03 Aug 2017 // A review by Peter-James Dries

I put things in boxes. We all do, deny it though you will; it is an artifact of the human’s quest for knowledge. As much as people hate labels, or at least being labelled, boxes help us understand the world around us.

That orange on the table is a fruit.

This cat on my lap is a domestic short haired.

My body is male and made of matter.

Obganiate is a verb.

That band released an album because they enjoy working together and some of their jams really worked.

This rapper uploaded their track because they think they’re Tupac.

This bedroom musician has just discovered music, is pleased with themselves, and is sharing it with the world because everyone should be pleased with them too – and a bit of positive-reinforcement shouldn’t be too much to ask, should it?

I’m usually quite adept and picking what the marketing team, or the band, are trying to say, where they’re coming from and why. Usually. Sometimes it is not until after a review is long since completed. Going into reviews blind helps, so I’m not tainted by what the others hear, or what the band wants me to think I’m hearing.

Why then, if I’m such the closet serial organiser as I above lay claim, can I not place Grawlixes debut Set Free?

The songs are too well constructed to be the product of a jam session, the guitar lines too intricate, and it doesn’t come across as the typical bedroom musician fair. The recording is too crisp, too professional, not the kind of quality you are going to hear coming from $20 microphones and an illegal download of Sonic Foundry Acid 4.0 on a fifth-hand Cash Converters guitar.

In a way their album, Set Free feels like releases from a handful of other bands I’ve heard, albeit without the production values. Two people with a one voice, a guitar they know how to play, and some spare time to feed off of each other’s energy. Sexual tension, broken hearts, feelings, words, and lies. But there is more to it here. Some kind of sarcasm or cynicism between the lines. Maybe it’s that sense called realism, so often confused with being pessimistic.

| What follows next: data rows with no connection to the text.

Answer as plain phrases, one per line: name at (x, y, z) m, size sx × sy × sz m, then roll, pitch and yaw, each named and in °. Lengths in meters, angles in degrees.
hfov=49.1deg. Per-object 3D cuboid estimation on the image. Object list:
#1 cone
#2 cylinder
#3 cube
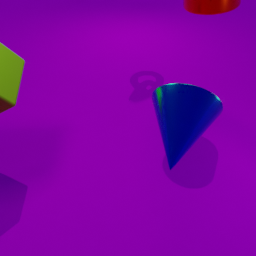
cone at (0.695, 0.099, 3.843) m, size 1.021 × 1.021 × 1.025 m, roll 12°, pitch 68°, yaw 13°
cylinder at (1.890, -3.390, 6.225) m, size 1.304 × 1.304 × 1.304 m, roll -6°, pitch 40°, yaw 5°
cube at (-2.954, -0.988, 5.442) m, size 1.197 × 1.197 × 1.197 m, roll -19°, pitch 55°, yaw 27°
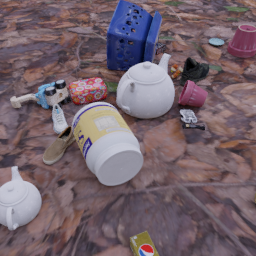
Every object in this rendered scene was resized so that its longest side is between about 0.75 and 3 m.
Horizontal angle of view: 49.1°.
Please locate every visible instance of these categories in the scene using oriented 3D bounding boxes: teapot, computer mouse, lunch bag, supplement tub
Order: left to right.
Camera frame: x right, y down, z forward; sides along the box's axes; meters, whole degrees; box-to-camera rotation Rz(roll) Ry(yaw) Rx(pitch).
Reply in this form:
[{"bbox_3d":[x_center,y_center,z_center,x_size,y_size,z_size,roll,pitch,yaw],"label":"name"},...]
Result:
[{"bbox_3d":[-2.938,1.861,7.292,1.321,0.965,1.304,24,47,24],"label":"teapot"},{"bbox_3d":[-1.673,-1.603,11.482,1.460,0.598,1.286,-14,43,-16],"label":"lunch bag"},{"bbox_3d":[-0.636,0.435,8.406,1.623,1.623,2.233,-16,44,-18],"label":"supplement tub"},{"bbox_3d":[0.655,-1.628,10.620,2.410,1.783,2.442,-5,42,-6],"label":"teapot"},{"bbox_3d":[2.175,-0.268,9.861,0.756,0.302,1.378,-1,27,-2],"label":"computer mouse"}]

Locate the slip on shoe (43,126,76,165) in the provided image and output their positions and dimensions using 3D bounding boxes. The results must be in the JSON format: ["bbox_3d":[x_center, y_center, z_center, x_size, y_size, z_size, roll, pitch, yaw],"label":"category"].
[{"bbox_3d":[-2.234,0.530,9.167,0.590,0.470,1.552,21,46,22],"label":"slip on shoe"}]

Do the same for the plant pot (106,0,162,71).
[{"bbox_3d":[0.310,-4.008,12.700,2.096,2.331,2.331,13,61,5],"label":"plant pot"}]

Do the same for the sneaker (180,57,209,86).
[{"bbox_3d":[3.052,-2.665,12.334,1.930,1.106,0.738,-31,52,-33],"label":"sneaker"}]

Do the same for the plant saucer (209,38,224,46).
[{"bbox_3d":[4.815,-4.648,15.267,0.819,0.158,0.819,0,42,0],"label":"plant saucer"}]

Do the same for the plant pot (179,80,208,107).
[{"bbox_3d":[2.556,-1.253,10.914,0.880,0.983,0.983,22,43,-1],"label":"plant pot"}]

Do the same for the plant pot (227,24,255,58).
[{"bbox_3d":[5.911,-4.466,14.220,1.426,1.276,1.426,0,41,0],"label":"plant pot"}]

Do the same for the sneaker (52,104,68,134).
[{"bbox_3d":[-2.511,-0.358,10.093,0.516,0.597,1.378,-15,45,-19],"label":"sneaker"}]

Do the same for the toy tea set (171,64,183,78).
[{"bbox_3d":[2.156,-2.579,12.900,0.524,0.326,0.882,41,46,0],"label":"toy tea set"}]

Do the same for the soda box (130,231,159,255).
[{"bbox_3d":[0.510,3.082,6.305,0.464,0.438,1.369,-16,44,-16],"label":"soda box"}]

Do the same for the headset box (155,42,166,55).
[{"bbox_3d":[1.473,-4.148,14.573,0.628,0.326,0.844,30,50,29],"label":"headset box"}]

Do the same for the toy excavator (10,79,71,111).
[{"bbox_3d":[-3.429,-1.221,11.005,1.778,0.888,1.729,11,39,31],"label":"toy excavator"}]

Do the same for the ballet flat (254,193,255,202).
[{"bbox_3d":[4.697,1.431,7.803,2.763,0.977,0.977,-20,45,-21],"label":"ballet flat"}]
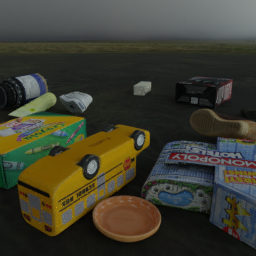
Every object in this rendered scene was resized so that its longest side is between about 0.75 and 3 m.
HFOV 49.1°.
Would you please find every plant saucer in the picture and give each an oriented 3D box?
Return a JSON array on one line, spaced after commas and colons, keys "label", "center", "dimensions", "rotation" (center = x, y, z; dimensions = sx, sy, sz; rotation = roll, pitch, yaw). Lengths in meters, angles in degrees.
[{"label": "plant saucer", "center": [-0.023, 1.561, 4.815], "dimensions": [1.167, 0.218, 1.167], "rotation": [3, 18, -1]}]

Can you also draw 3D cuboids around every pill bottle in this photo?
[{"label": "pill bottle", "center": [-4.840, -1.676, 12.655], "dimensions": [1.351, 1.351, 2.415], "rotation": [10, 22, 27]}]

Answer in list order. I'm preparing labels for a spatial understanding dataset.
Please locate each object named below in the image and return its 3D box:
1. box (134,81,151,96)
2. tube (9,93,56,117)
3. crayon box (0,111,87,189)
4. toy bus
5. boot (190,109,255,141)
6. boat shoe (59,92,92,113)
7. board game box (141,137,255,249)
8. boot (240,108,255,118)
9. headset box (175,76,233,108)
[{"label": "box", "center": [0.810, -2.206, 15.515], "dimensions": [0.619, 0.516, 1.508], "rotation": [7, 20, 19]}, {"label": "tube", "center": [-3.756, -0.865, 11.512], "dimensions": [0.706, 0.631, 2.432], "rotation": [-30, 12, 24]}, {"label": "crayon box", "center": [-2.635, 0.383, 7.327], "dimensions": [1.746, 0.856, 2.939], "rotation": [9, 21, 26]}, {"label": "toy bus", "center": [-0.668, 0.799, 5.662], "dimensions": [0.956, 1.150, 2.936], "rotation": [11, 21, 33]}, {"label": "boot", "center": [3.219, 0.054, 8.636], "dimensions": [1.856, 0.807, 2.231], "rotation": [14, 4, -33]}, {"label": "boat shoe", "center": [-2.076, -1.080, 11.308], "dimensions": [0.719, 0.809, 2.199], "rotation": [-41, 31, -19]}, {"label": "board game box", "center": [1.756, 1.001, 5.551], "dimensions": [2.751, 0.848, 2.749], "rotation": [6, 19, 17]}, {"label": "boot", "center": [5.149, -0.665, 11.196], "dimensions": [1.115, 0.432, 0.771], "rotation": [2, 14, 2]}, {"label": "headset box", "center": [3.755, -1.823, 13.599], "dimensions": [1.980, 1.027, 2.660], "rotation": [13, 24, 34]}]
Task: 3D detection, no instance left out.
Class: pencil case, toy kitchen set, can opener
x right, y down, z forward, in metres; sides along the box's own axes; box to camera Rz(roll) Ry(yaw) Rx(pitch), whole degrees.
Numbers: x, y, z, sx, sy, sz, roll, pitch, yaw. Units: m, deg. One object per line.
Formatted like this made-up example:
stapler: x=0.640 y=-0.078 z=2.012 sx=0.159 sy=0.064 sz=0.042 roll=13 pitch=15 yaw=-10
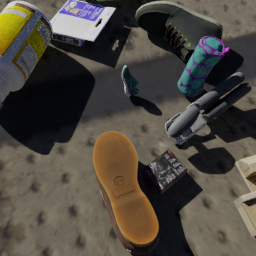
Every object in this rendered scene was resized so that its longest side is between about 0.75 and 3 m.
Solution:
pencil case: x=1.903 y=-1.559 z=7.307 sx=0.737 sy=1.596 sz=0.679 roll=24 pitch=54 yaw=3
toy kitchen set: x=3.362 y=0.964 z=5.797 sx=2.019 sy=1.822 sz=1.647 roll=-14 pitch=61 yaw=-13
can opener: x=2.070 y=-0.500 z=7.019 sx=2.561 sy=0.856 sz=0.683 roll=-36 pitch=95 yaw=-5

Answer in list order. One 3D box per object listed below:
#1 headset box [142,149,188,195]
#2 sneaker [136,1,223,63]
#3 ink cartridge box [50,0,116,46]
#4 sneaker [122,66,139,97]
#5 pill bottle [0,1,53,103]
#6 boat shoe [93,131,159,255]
headset box: x=0.823 y=1.054 z=6.596 sx=0.924 sy=0.357 sz=0.687 roll=-35 pitch=66 yaw=-17
sneaker: x=1.406 y=-2.816 z=8.365 sx=2.743 sy=1.026 sz=1.457 roll=17 pitch=60 yaw=8
ink cartridge box: x=-1.496 y=-3.377 z=8.994 sx=1.774 sy=0.385 sz=1.758 roll=17 pitch=59 yaw=15
sneaker: x=0.089 y=-1.280 z=7.597 sx=0.408 sy=0.895 sz=0.347 roll=-2 pitch=37 yaw=17
pill bottle: x=-3.257 y=-2.066 z=7.695 sx=1.486 sy=1.486 sz=2.720 roll=15 pitch=61 yaw=8
boat shoe: x=-0.121 y=1.352 z=6.058 sx=1.007 sy=1.006 sz=2.860 roll=-11 pitch=48 yaw=-7
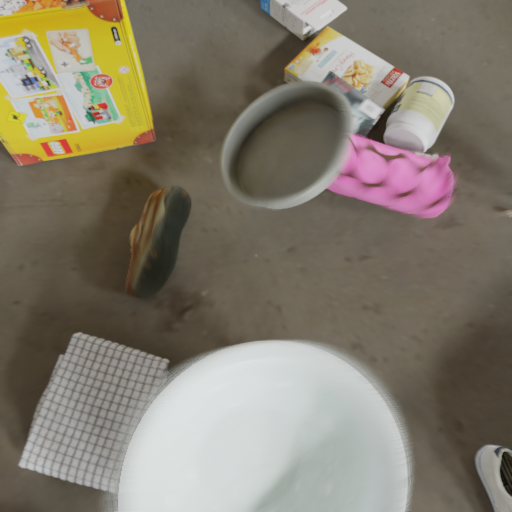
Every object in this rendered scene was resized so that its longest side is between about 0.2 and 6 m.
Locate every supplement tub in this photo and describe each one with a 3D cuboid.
[{"bbox_3d":[2.996,-2.549,10.387,0.945,0.945,1.304,27,69,11],"label":"supplement tub"}]

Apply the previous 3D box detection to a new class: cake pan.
[{"bbox_3d":[0.497,-1.745,9.038,2.337,0.429,2.337,-14,60,25],"label":"cake pan"}]

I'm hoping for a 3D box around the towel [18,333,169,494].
[{"bbox_3d":[-2.311,2.321,8.342,1.682,0.869,2.031,13,69,7],"label":"towel"}]

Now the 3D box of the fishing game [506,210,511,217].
[{"bbox_3d":[5.315,-1.397,8.845,2.012,2.810,0.437,10,57,11],"label":"fishing game"}]

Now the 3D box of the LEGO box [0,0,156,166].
[{"bbox_3d":[-3.298,-3.163,9.229,2.648,3.556,1.372,-11,69,-6],"label":"LEGO box"}]

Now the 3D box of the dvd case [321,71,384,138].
[{"bbox_3d":[1.336,-2.312,10.229,1.251,0.189,1.713,35,95,0],"label":"dvd case"}]

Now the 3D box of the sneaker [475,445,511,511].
[{"bbox_3d":[3.725,3.614,7.848,0.700,0.679,1.918,-22,68,-9],"label":"sneaker"}]

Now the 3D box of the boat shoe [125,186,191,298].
[{"bbox_3d":[-1.761,-0.255,9.585,0.740,0.758,2.005,7,69,36],"label":"boat shoe"}]

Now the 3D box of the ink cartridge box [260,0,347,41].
[{"bbox_3d":[0.977,-5.209,11.760,0.959,0.553,1.657,-40,72,-16],"label":"ink cartridge box"}]

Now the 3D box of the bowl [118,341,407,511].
[{"bbox_3d":[0.019,2.816,7.376,3.520,1.582,3.520,1,86,-11],"label":"bowl"}]

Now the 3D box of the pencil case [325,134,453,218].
[{"bbox_3d":[2.129,-1.434,9.508,2.356,1.104,1.069,12,23,-17],"label":"pencil case"}]

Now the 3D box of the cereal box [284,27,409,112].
[{"bbox_3d":[1.779,-3.522,11.103,2.037,0.403,1.465,36,71,14],"label":"cereal box"}]

Remember that low-key release from the Smashing Pumpkins American Gothic? The one that came out after they made their comeback with Zeitgeist before fading once again into obscurity. There are tinges of the older incarnation of Billy Corgan that appear on that album in the voice of the boy part of Grawlixes boy-girl duet. I hear it more in the boy-centric tracks than the girl, which the album rotates between. It served as a little piece of the familiar alternative-rock my life use to rotate around, in Set Free’s sea of obscure influences I will never know the names of. An anchor to keep me in the album. It may seem trivial to you, but this music is so far outside my world.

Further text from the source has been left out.